This definition of the market considers the realities of international trade. It allows for the exhaustion of a patent holder’s rights in one country (in this case, Japan), when the underlying goods have been put on the international market by the patent holder or with its consent through a sale in another country. The Court noted that international traders should be able to expect, unless notified to the contrary, that goods are free to move between countries unfettered by patent holders. In addition, patent holders should foresee that their goods will move around the world once put into circulation.
One point which is unclear from the wording of the decision is whether the principle formulated by the Supreme Court is limited to cases where the Japanese patent holder is itself selling the same goods in Japan. In the present case, BBS, through its subsidiaries, was selling its German manufactured goods in Japan. It may be that the Court intended its holding also apply to a Japanese patent holder who is not trading the goods in Japan.
A variation on this issue was addressed by the ECJ in Sebago Inc v G-B Unic SA. G-B Unic obtained a quantity of Sebago’s trade mark protected shoes, which had been parallel imported into the European Economic Area (‘EEA’) from North America. At trial, G-B Unic was unable to prove where all of the shoes in its possession came from. It argued that Sebago sold identical shoes in the EEA, and that if the brand owner consented to some of the shoes being sold there, then G-B Unic was reasonable in assuming that it had consented to all legitimate copies of its shoes being sold in the market.

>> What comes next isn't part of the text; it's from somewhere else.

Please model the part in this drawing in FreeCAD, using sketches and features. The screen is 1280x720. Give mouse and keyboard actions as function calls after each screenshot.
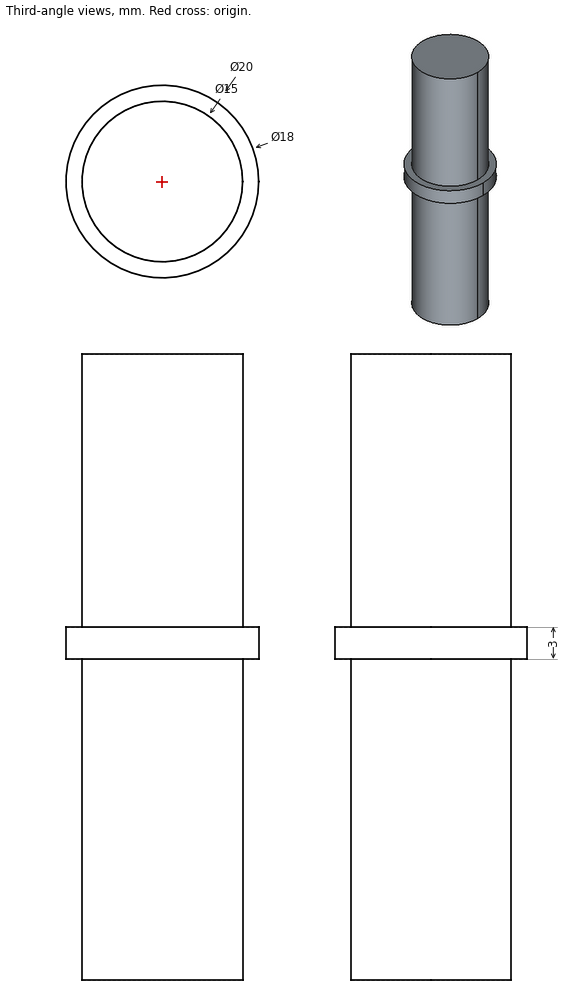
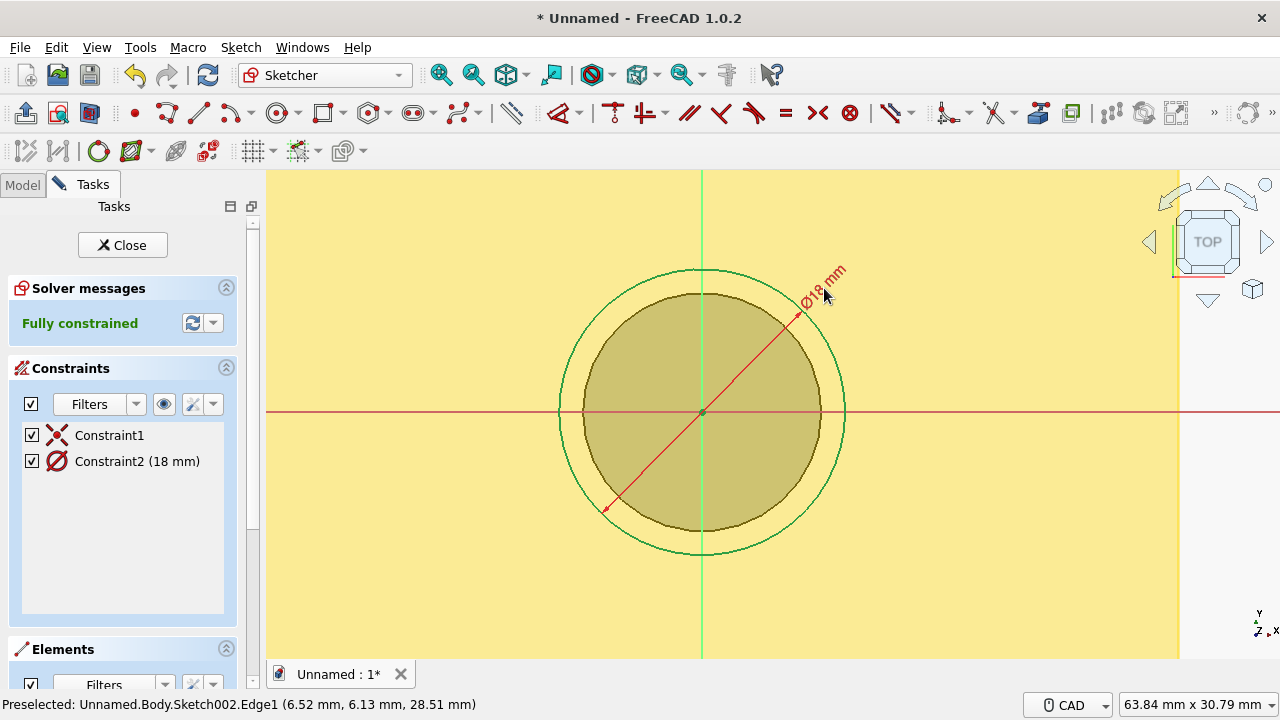
click(123, 245)

The ECJ held that consent by a trade mark owner to the marketing of some goods inside of the EEA, and some goods outside of the EEA, does not exhaust the trade mark owner’s right to object to the importation of goods which were originally sold outside of the market. This means, in effect, that a retailer in the EEA must be prepared to show that it has the consent of the intellectual property owner concerned for the sale in the EEA of each example of a product protected by intellectual property rights.
Another important question is how closely the Japanese patent holder and the foreign patent holder have to be related. In this case, BBS held both the Japanese and the German patents for the same invention. The Supreme Court did state that it would not make a distinction between the Japanese and foreign patent holders based on a parent–subsidiary relationship:
In the case where the marketing activities abroad have been undertaken by an affiliated company, a subsidiary or a person with the same standing as the patentee, the case should be treated as if the patentee himself had marketed the patented products.

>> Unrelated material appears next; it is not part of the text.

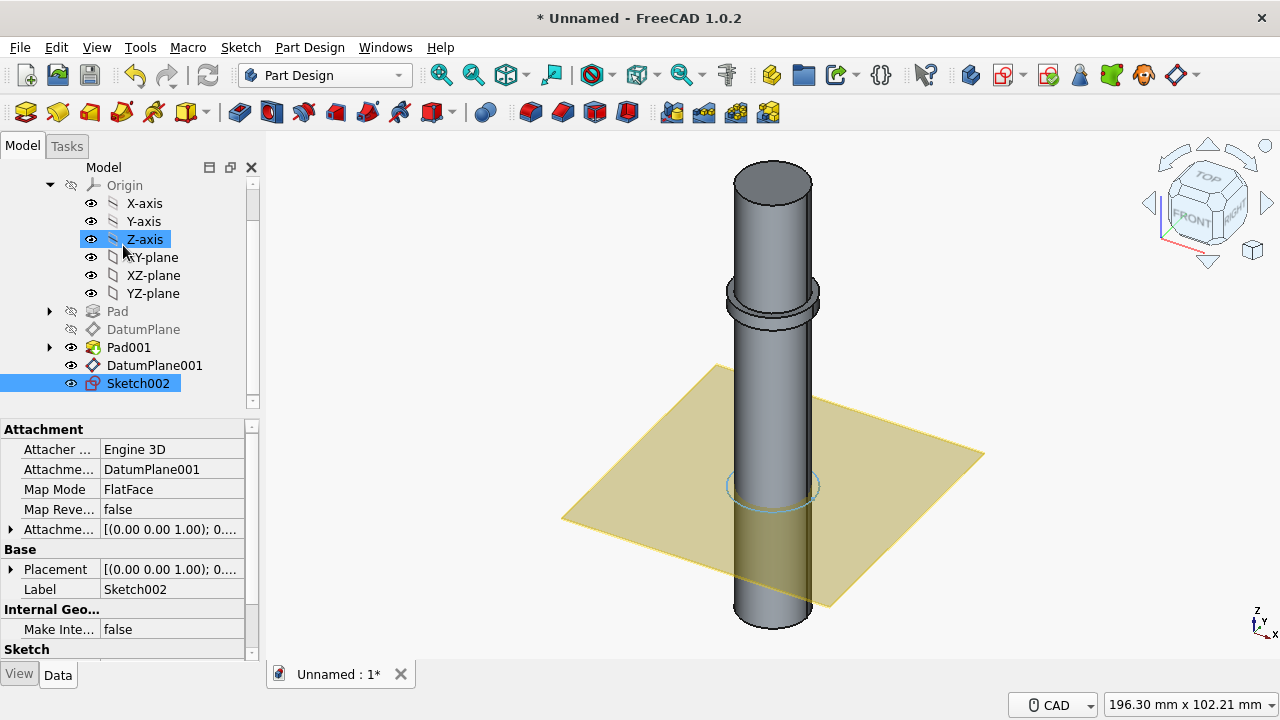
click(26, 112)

The same effect would be reached where the patent holder in Japan and the patent holder abroad have a licensor–licensee relationship.
Though not clearly stated in the Court’s judgment, the non-infringement rule employed in the present case may not be applied where the Japanese patent holder and the foreign patent holder are entirely independent. The closest the Court came to acknowledging this was to note that the considerations detailed above in Part III(B)

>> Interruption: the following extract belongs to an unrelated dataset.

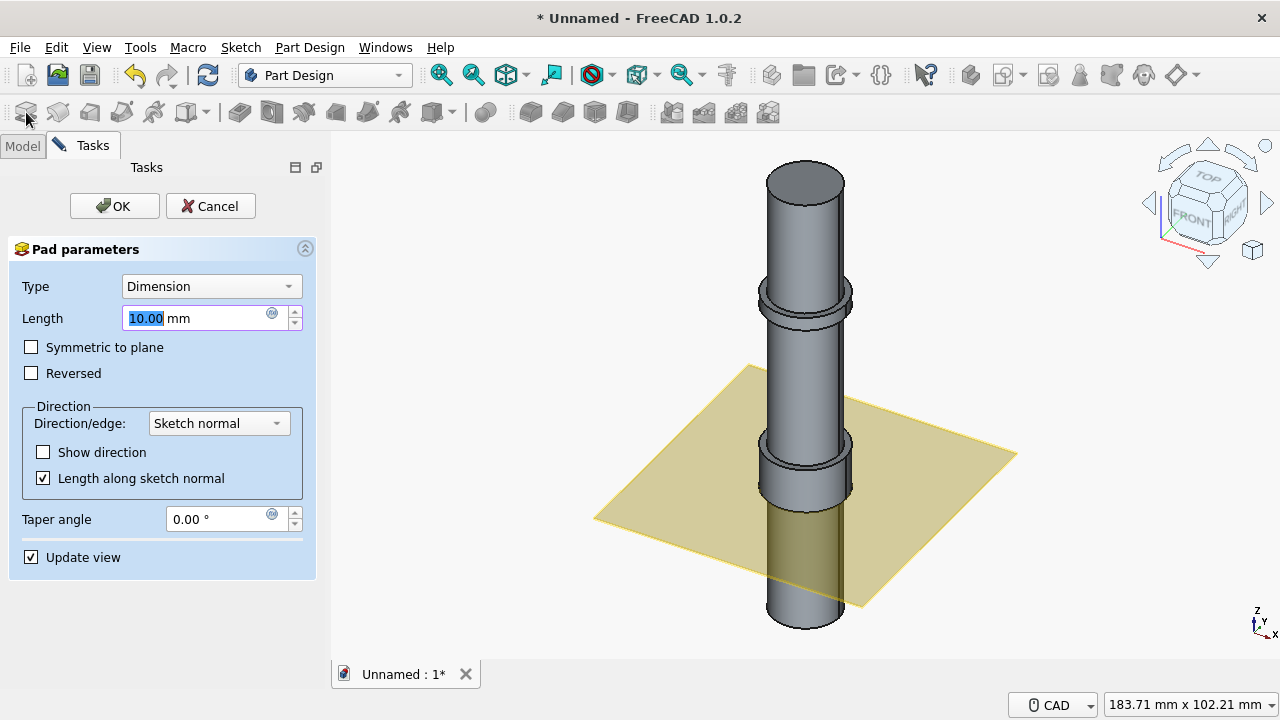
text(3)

are not applicable if the owner of a Japanese patent markets the patented products abroad. For one thing, in the country where the products have been marketed, the patentee may not even hold a parallel patent that corresponds to the one in Japan. But even so, the domestic patent right and the parallel patent right in the country of marketing have to be regarded as separate rights. It cannot be argued that although selling the products under a parallel patent would give double reward, it may qualify as an act of use under the domestic patent right.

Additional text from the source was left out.